Luke Melia

personal

April 29, 2002

4/28/02, 11:18 pm

Depressing NY Times magazine this weekend. The chronology of an MIT suicide. A profile of a child assassin in Columbia. A first-person description of fear in the Muslim-Hindu issues of India.

It’s nearly surreal to try to reconcile these horrors with my own comparatively idyllic life. What did I do this weekend? Volleyball in the sunshine. Beer and celebration at Mary’s party. Eating my way through Little Italy and the Village with my family. Putting off doing laundry in favor of a nap…

I read the suicide article last. Reading it started to tie the stories together for me somehow. Elizabeth Shin, the student, isn’t so far removed from my existence that I can leave the story with a label of “surreal” in my head. She was an over-achieving raised-in-suburbia college student. I’ve been there. (Alright, so I wasn’t exactly over-achieving in college… But I was in high school.)

Could I then, leave the story of “Tiny,” the teenaged hitman, in the surreal bucket? I certainly couldn’t not try to understand Meera Nair’s story of living as a Hindu in a majority-Muslim neighborhood in Hyderabad.

I guess the way to combat the dismissed-as-horrible-and-surreal tendency, is to accept that these people are simply human beings who made their conclusions, created their beliefs and ultimately acted. The people in these articles (as well as the Palestinian suicide bombers, the Israeli residents of the Gaza settlements, the neighborhood drunk, the list goes on and on) are basically like me.

It’s scary to think about suicide as something that could naturally occur. But it clearly can. Despite the labels we put on “abnormal” mental issues “disorders,” these “abnormalities” are “normal” enough that they are a constant part of our world, year in and year out.

The article about Elizabeth makes the point that the young woman’s death has created a blame game between her folks and MIT. This is sad in a way, but when you start to think about her suicide as the result of a natural sequence of events and interpretations, that’s exactly what you want to know. How do you get to that condition?

How does a child decide that being a murderer is an OK existence? How does the watchman in Meera Nair’s story justify his inaction in the face of a hate-fueled murder?

The younger the person, the easier it should be to figure out the path.

Tiny, in Columbia, effectively has no father. His male role models are gang leaders and he discovered that he could gain approval from those role models and from his peers by killing people. His mother effectively encourages those relationships. Kids everywhere do a lot to secure the approval of their parental figures. How else do you know as a child if you’re heading in even remotely the right direction without some nods and assurances from people who have been around the block?
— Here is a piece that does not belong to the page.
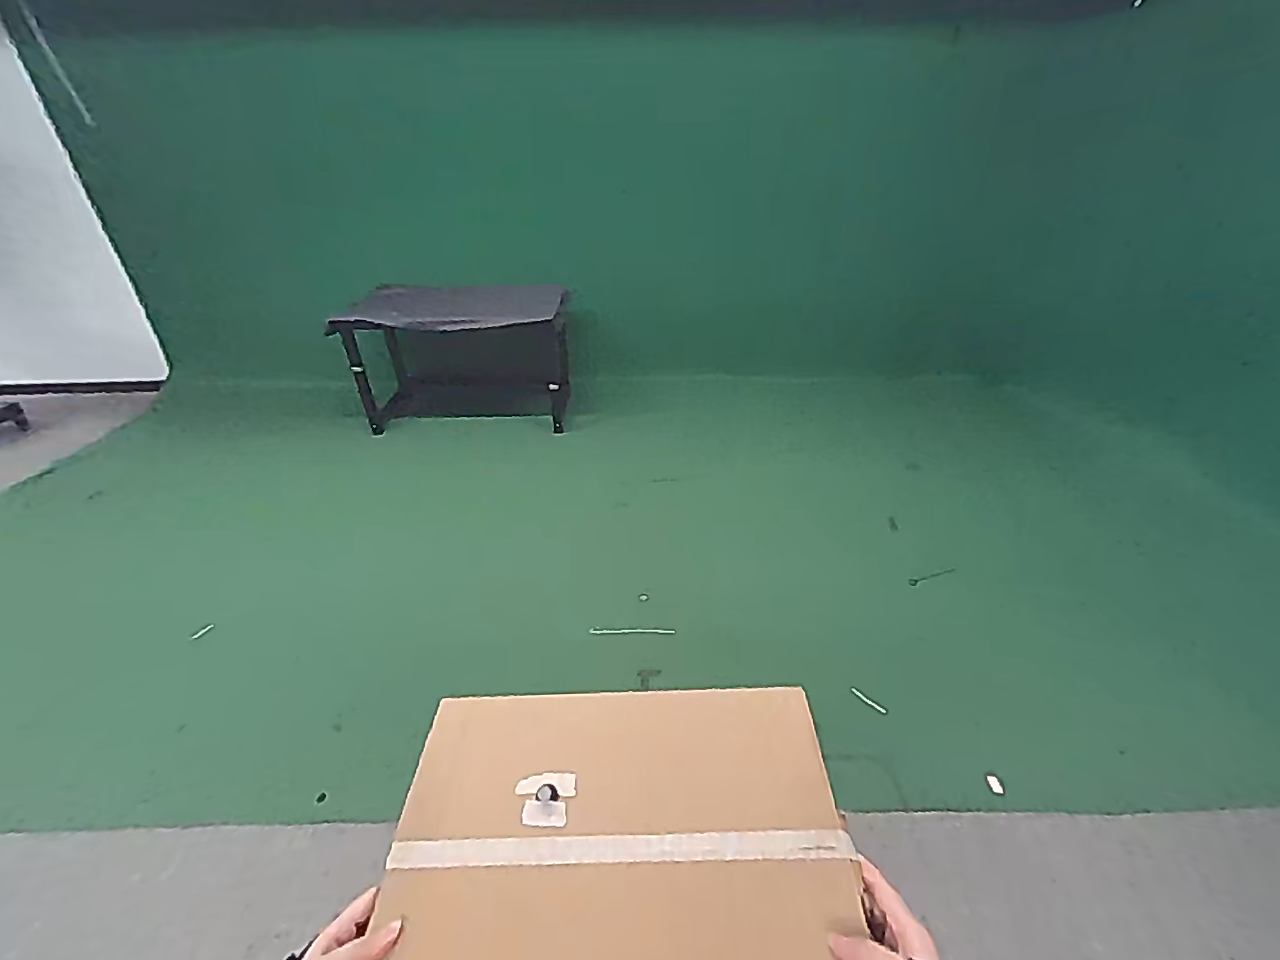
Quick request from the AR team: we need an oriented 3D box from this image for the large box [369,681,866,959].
[{"bbox_3d":[-0.008,0.449,0.580,0.408,0.320,0.320,-4,36,4],"label":"large box"}]
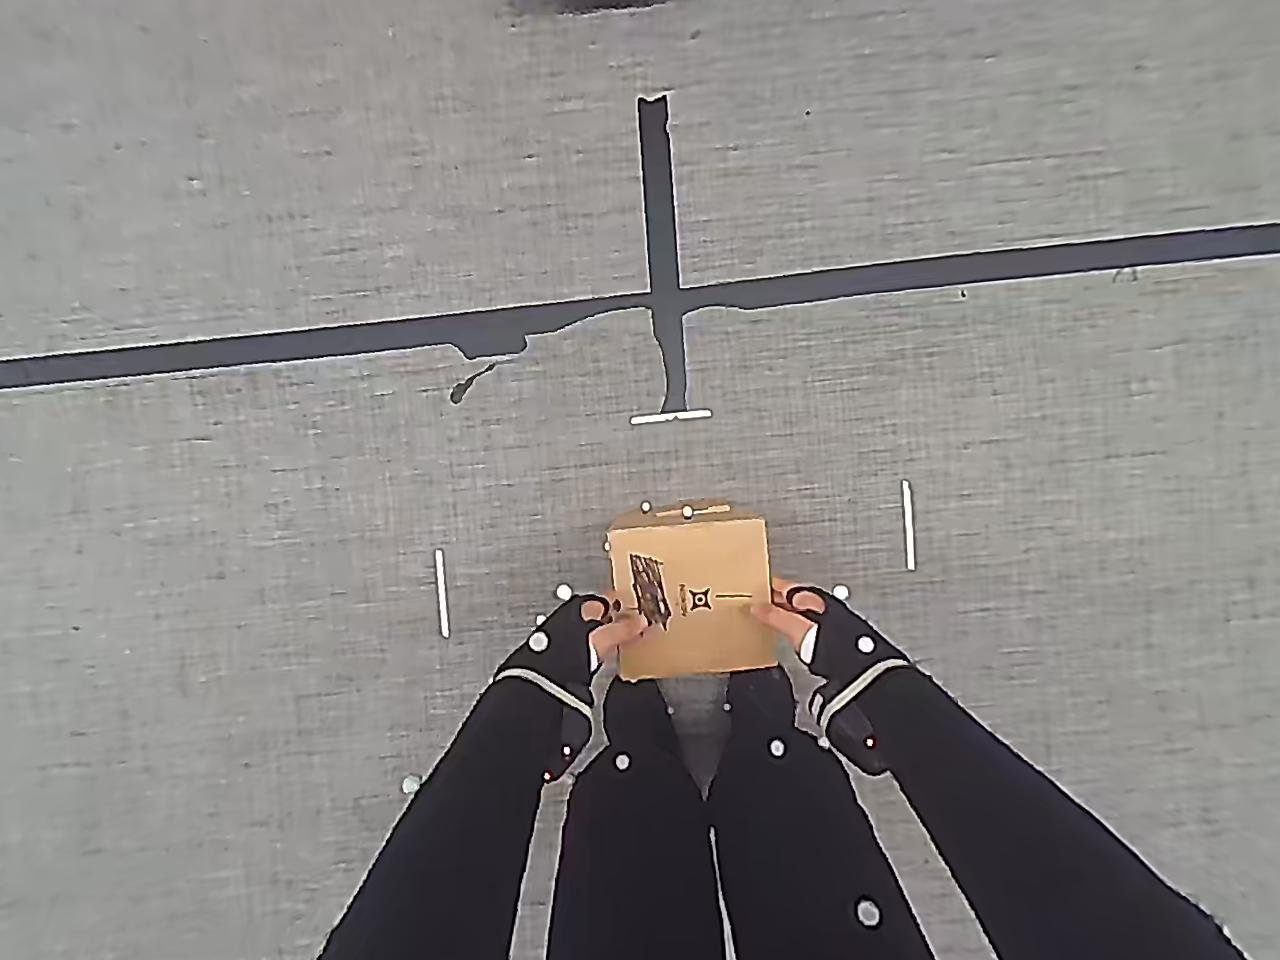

Elizabeth’s achievements are as superlatively impressive as Tiny’s are horrible. Nineteen years of experiences are too many for me to unravel, if I even knew all of them. I can’t say that I understand how she moved from those achievements to the thoughts of death and self-mutilation. It was under pressure, mostly self-applied. I wonder about the influence of being raised in a Korean family — which seems like it can be somehow impersonal and discouraging of emotional expression.

I guess Elizabeth sometimes felt like a failure despite her successes. My mom lessened some of the pressures I put on myself as a teen by telling me that “life isn’t fair.” She told me it frequently in response to my lamentations “it’s not fair!” I hated that fact at the time. But I think it’s helped me to see the world as shades of gray, and not as black and white. If the world’s not fair, not only do I not have a shot to be perfect, but it doesn’t matter anyway, because people wouldn’t treat me as perfect anyway.

Meera’s story makes me recall my time living in Bangalore. Along with my girlfriend at the time, Meeta, I sublet an apartment in an upscale commercial and entertainment district of the South Indian city. We were an unmarried interracial couple living easily on the strength of the dollar. Tensions with Pakistan were growing again. Their were some nationalistic marches and demonstrations in the intersection our balcony overlooked.

I thankfully had no firsthand experience with issues and fear described by Meera. If I had been an American of Middle Eastern heritage rather than European, I wonder how it might have been different.

In the circle of friends we developed there, I’m sure we wouldn’t have had any problems. It was a multi-ethnic, gay-friendly group of relatively privileged people, mostly college students. In our building, though, I don’t know. Would the overly curious and presumably gossipy electrician would have had the same perspective?

Trying to understand the issues of race relations from a personal psychological perspective seems far more challenging than trying to understand Tiny as murderer or Elizabeth as suicide. It’s much easier to decipher the historical, political and socioeconomic factors that create tension between Hindus and Muslims (yet more fallout from Britain’s colonialism — amazing how racism manifests itself in the those discriminated against…) than the mind of one person who thinks a Muslim life is worthless, or vice versa.

It’s important to try to understand the personal, because that’s the way out. Problems of hate aren’t going to be successfully addressed by arms or money, but by love, fostered and facilitated at the right points of individuals’ lives.

I guess that’s all I have to write tonight. I’m grateful for my nearly-idyllic weekend. I’m sorry about Elizabeth, about Tiny, and about those less lucky than Meera.